Cotton futures finished Wednesday at a 16-month low as weak outside markets coupled with poor fundamentals took their toll, and further losses could occur in coming days, analysts said. Global stock markets and the euro sank as worries escalated over record-high borrowing costs for Italy and a decision by the US Federal Reserve to do nothing new to support growth.
The benchmark March cotton futures fell 2.19 cents or by 2.5 percent to finish at 85.12 cents per lb, trading from 84.35 to 87.42 cents. On the spot continuation charts, it was the lowest level traded since the middle of August 2010. Cotton prices began rallying in August 2010 due to tight supplies and robust demand, eventually hoisting cotton futures to their highest since the US Civil War in the 19th century. Prices peaked at $2.27 in March before starting a sharp decline.
Volume traded on Wednesday reached almost 13,100 lots, nearly 40 percent under the 30-day norm, Thomson Reuters preliminary data showed. "Cotton continues to slowly crumble," said Mike Stevens, an independent cotton analyst in Mandeville, Louisiana, adding losses in virtually every commodity made it tough for cotton to stem the fall.

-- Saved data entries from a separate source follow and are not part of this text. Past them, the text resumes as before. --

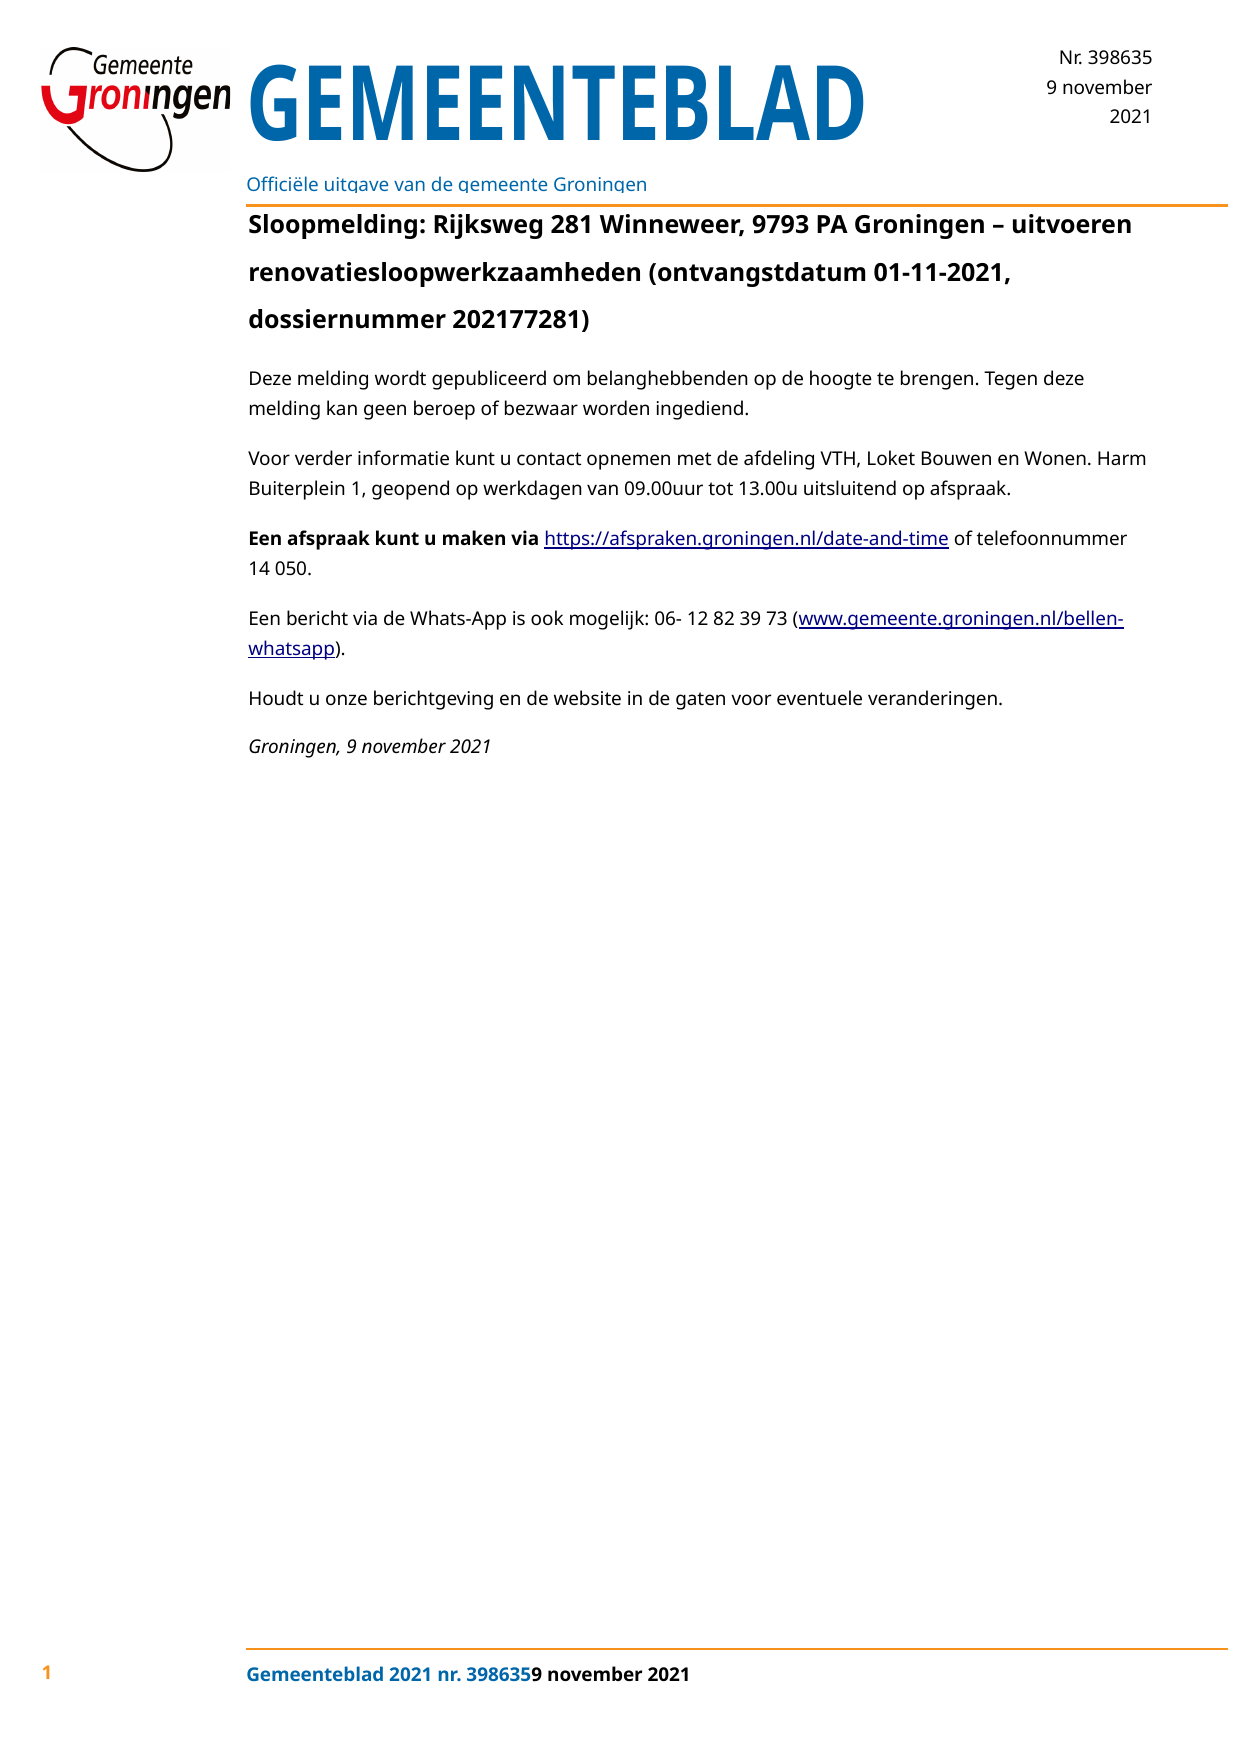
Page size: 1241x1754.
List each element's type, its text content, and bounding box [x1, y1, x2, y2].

text Deze melding wordt gepubliceerd om belanghebbenden op de hoogte te brengen. Tegen deze melding kan geen beroep of bezwaar worden ingediend. [248, 366, 1152, 421]
text Een afspraak kunt u maken via https://afspraken.groningen.nl/date-and-time of telefoonnummer 14 050. [248, 526, 1152, 581]
text Groningen, 9 november 2021 [248, 733, 1152, 759]
text Voor verder informatie kunt u contact opnemen met de afdeling VTH, Loket Bouwen en Wonen. Harm Buiterplein 1, geopend op werkdagen van 09.00uur tot 13.00u uitsluitend op afspraak. [248, 446, 1152, 501]
text Een bericht via de Whats-App is ook mogelijk: 06- 12 82 39 73 (www.gemeente.groningen.nl/bellen-whatsapp). [248, 606, 1152, 661]
text Sloopmelding: Rijksweg 281 Winneweer, 9793 PA Groningen – uitvoeren renovatiesloopwerkzaamheden (ontvangstdatum 01-11-2021, dossiernummer 202177281) [248, 207, 1152, 336]
text Houdt u onze berichtgeving en de website in de gaten voor eventuele veranderingen. [248, 686, 1152, 711]
picture [41, 47, 231, 172]

He said investors were taking aim at levels around 82 cents and then 80 cents in the March contract. Cotton's fundamental outlook is not being helped by the latest monthly supply/demand report from the US Agriculture Department, which forecast world 2011/12 cotton consumption at 111.34 million (480-lb) bales and production far ahead at 123.42 million bales.

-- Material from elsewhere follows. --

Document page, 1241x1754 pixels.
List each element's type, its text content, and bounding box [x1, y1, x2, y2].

Open interest in cotton, usually taken as an indicator of investor exposure, was at 149,446 lots as of Tuesday, up more than 8,000 lots from 141,120 on Monday, exchange data showed. Traders said that indicated significant short positions taken by investors in cotton. "They are betting at lower prices and it is hard to argue against that," a dealer said. Volume traded on Tuesday hit 11,841 lots, from the prior tally of 10,793 lots, ICE Futures US data showed.